For fun, for nostalgia, for distinctiveness, for boldness, for my heart and my
soul.

[https://en.wikipedia.org/wiki/Chicago_%28typeface%29](https://en.wikipedia.org/wiki/Chicago_%28typeface%29)

Susan Kare, its prolific designer:

[https://en.wikipedia.org/wiki/Susan_Kare](https://en.wikipedia.org/wiki/Susan_Kare)

------
starshadowx2
Neue Haas Grotesk [0], the original name and style of Helvetica.

[0] [http://www.fontbureau.com/nhg/](http://www.fontbureau.com/nhg/)

------
charlieegan3
Anything I don't need to extra pay for!

Lato is nice - it's on Google Fonts.

------
Raed667
I enjoy using "Duru Sans" whenever I need to write some paragraphs.

For headings and titles I like a clean "DejaVu Sans"

------
rooundio
Gotham by Tobias Frere-Jones. A very similar open source alternative is
Montserrat by Julieta Ulanovsky

------
BjoernKW
Is there such a thing? Sounds a bit like 'favourite colour'.

Anyway, that said, Fira Sans is very nice.

------
tptacek
Chaparral.

------
Tomte
Bembo.
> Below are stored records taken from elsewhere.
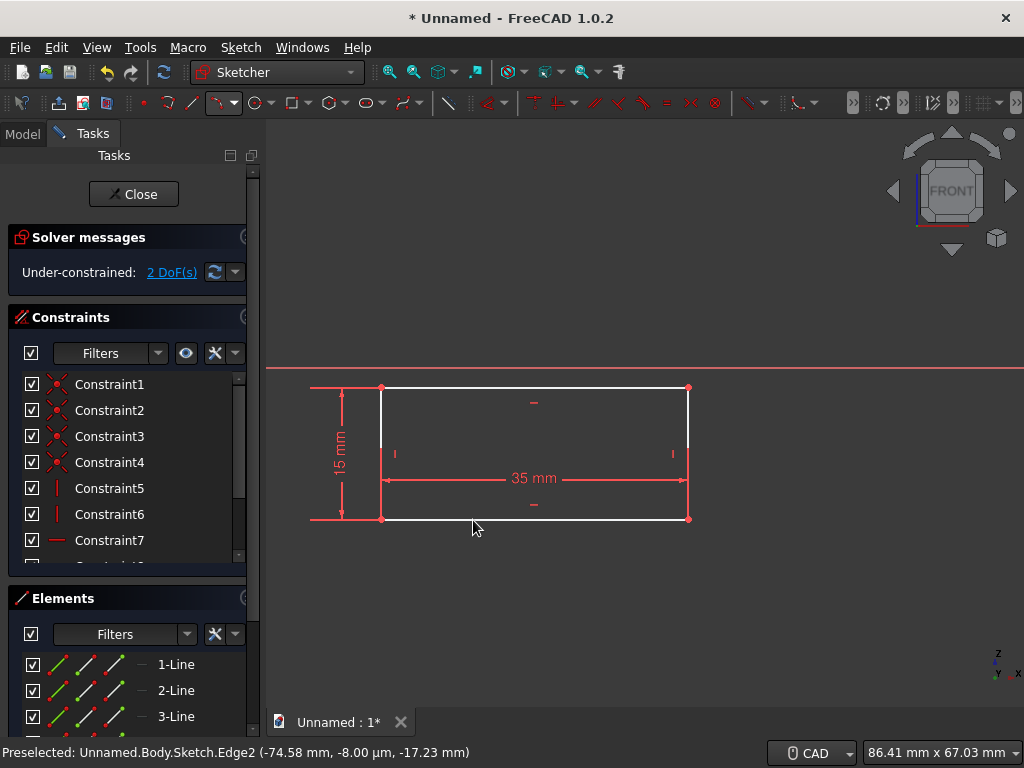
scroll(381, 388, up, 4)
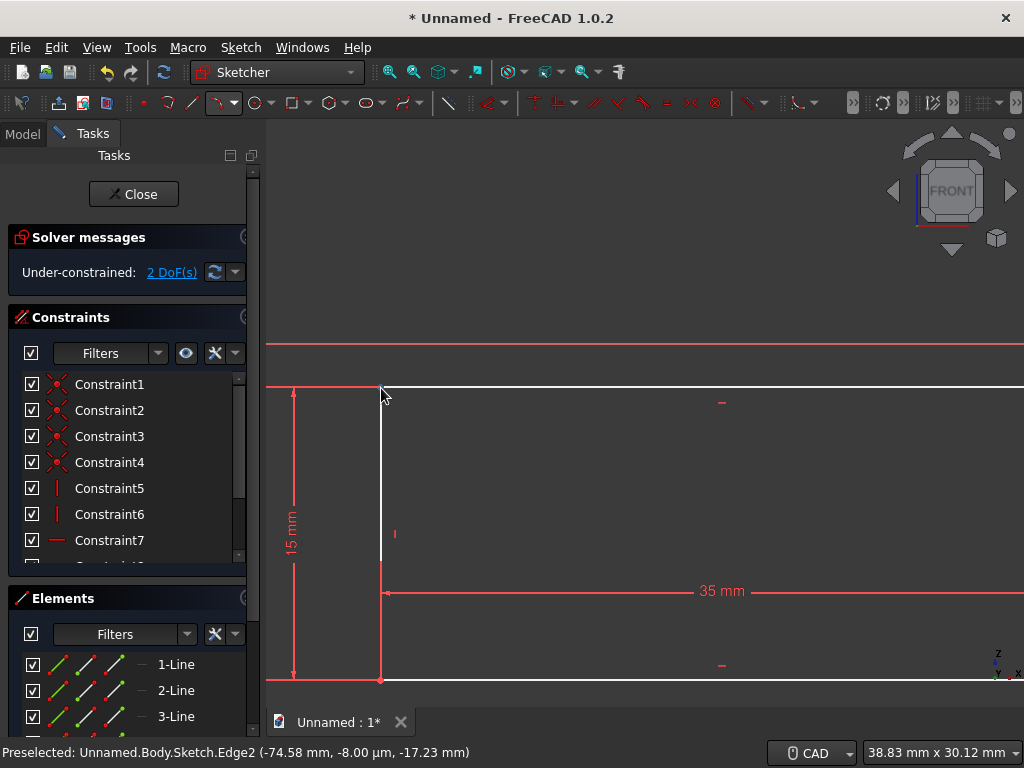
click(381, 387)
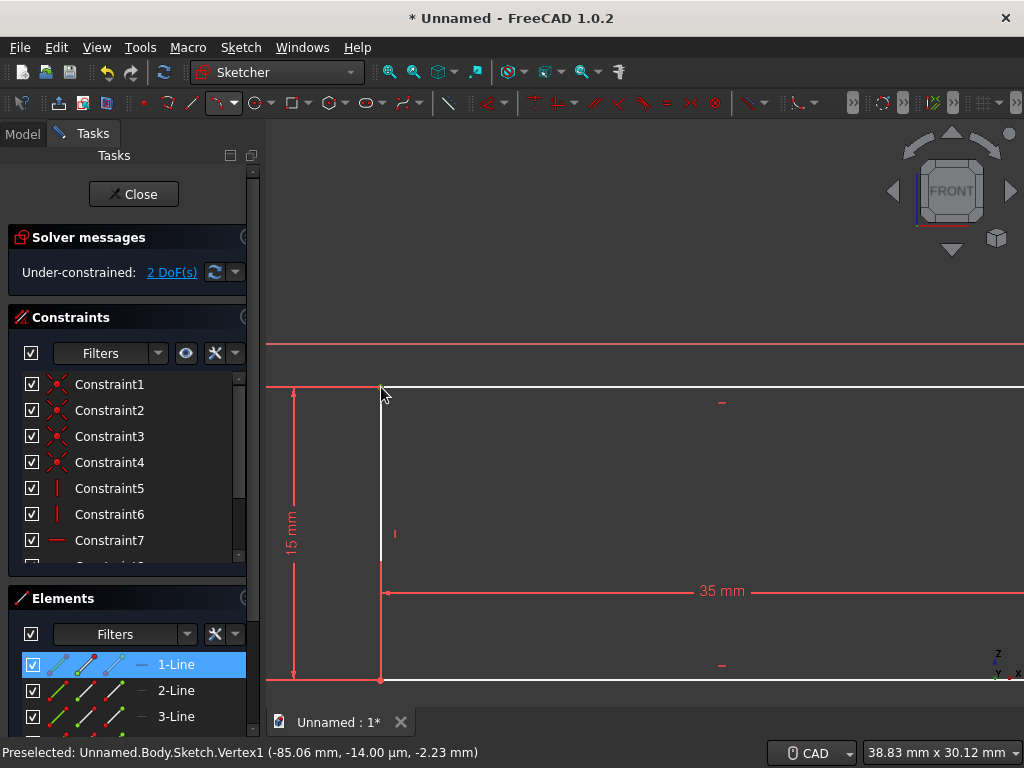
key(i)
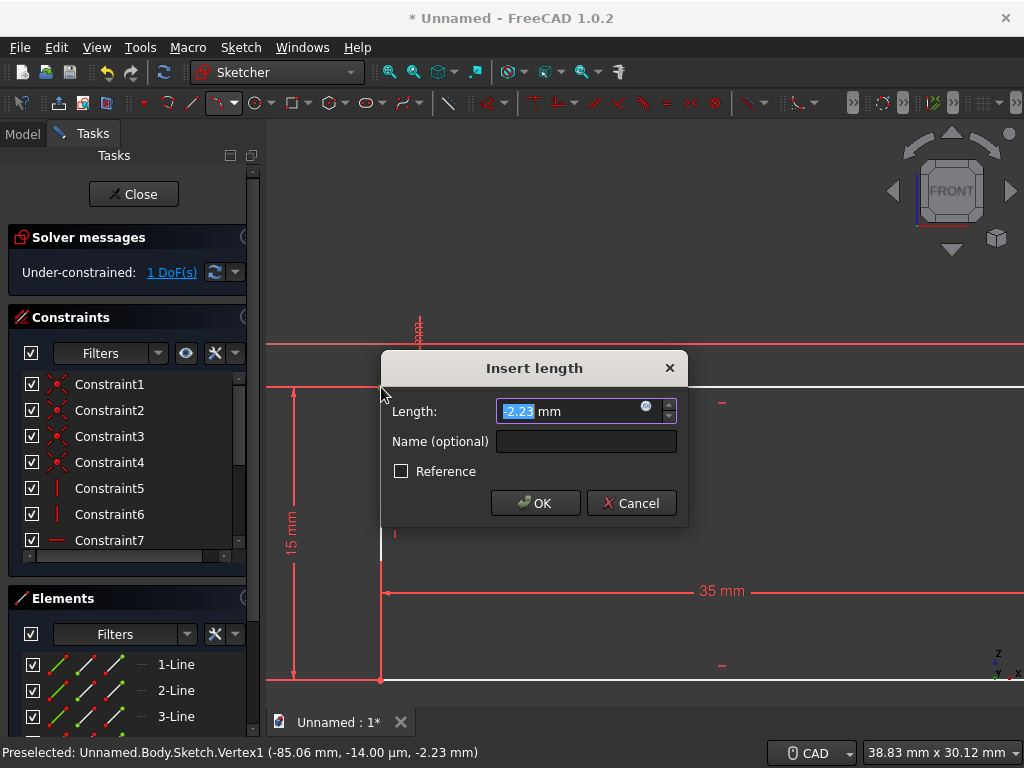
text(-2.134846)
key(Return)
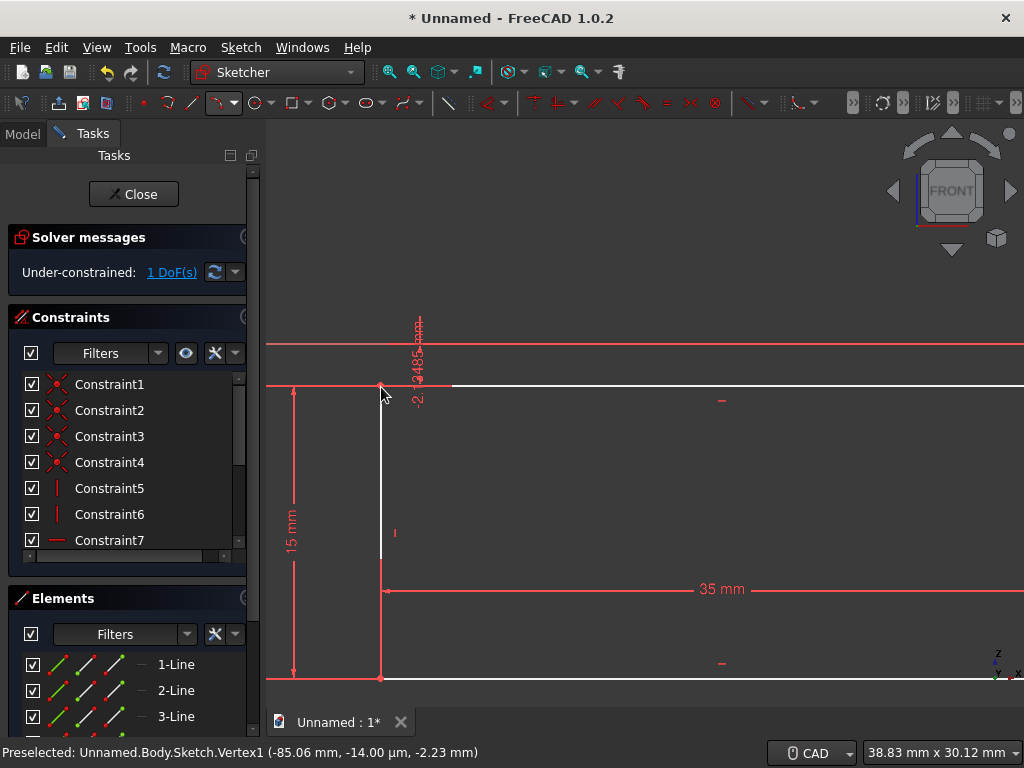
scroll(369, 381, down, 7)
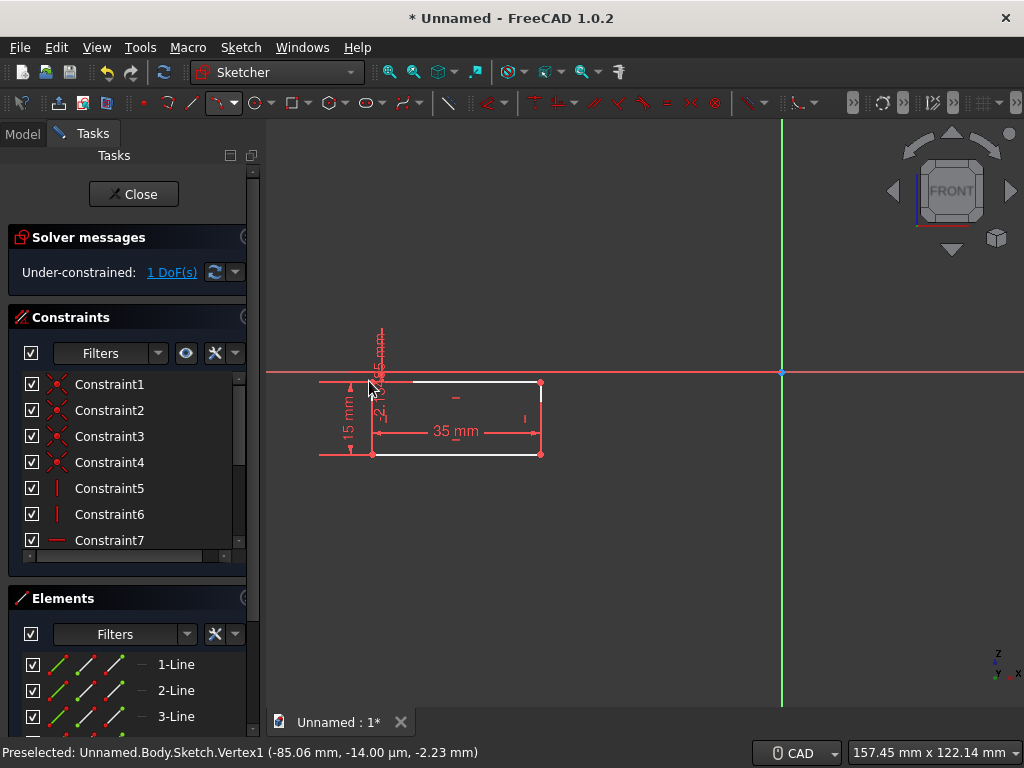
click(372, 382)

Impractical as it may be sometimes, I just adore the capital R.

------
kp25
I just enjoy writing code using "Monospace".

------
brudgers
Depends on why I am selecting a typeface.

------
mnort9
Open Sans

------
gjvc
consolas 11pt

------
ivebencrazy
I'm a huge fan of Freight Text Pro for serifs
([https://typekit.com/fonts/freight-text-
pro](https://typekit.com/fonts/freight-text-pro)). It's like... just rounded
enough to be soft and kind, but still be professional. I'm talking mostly
about the medium weight, but the whole series is nice.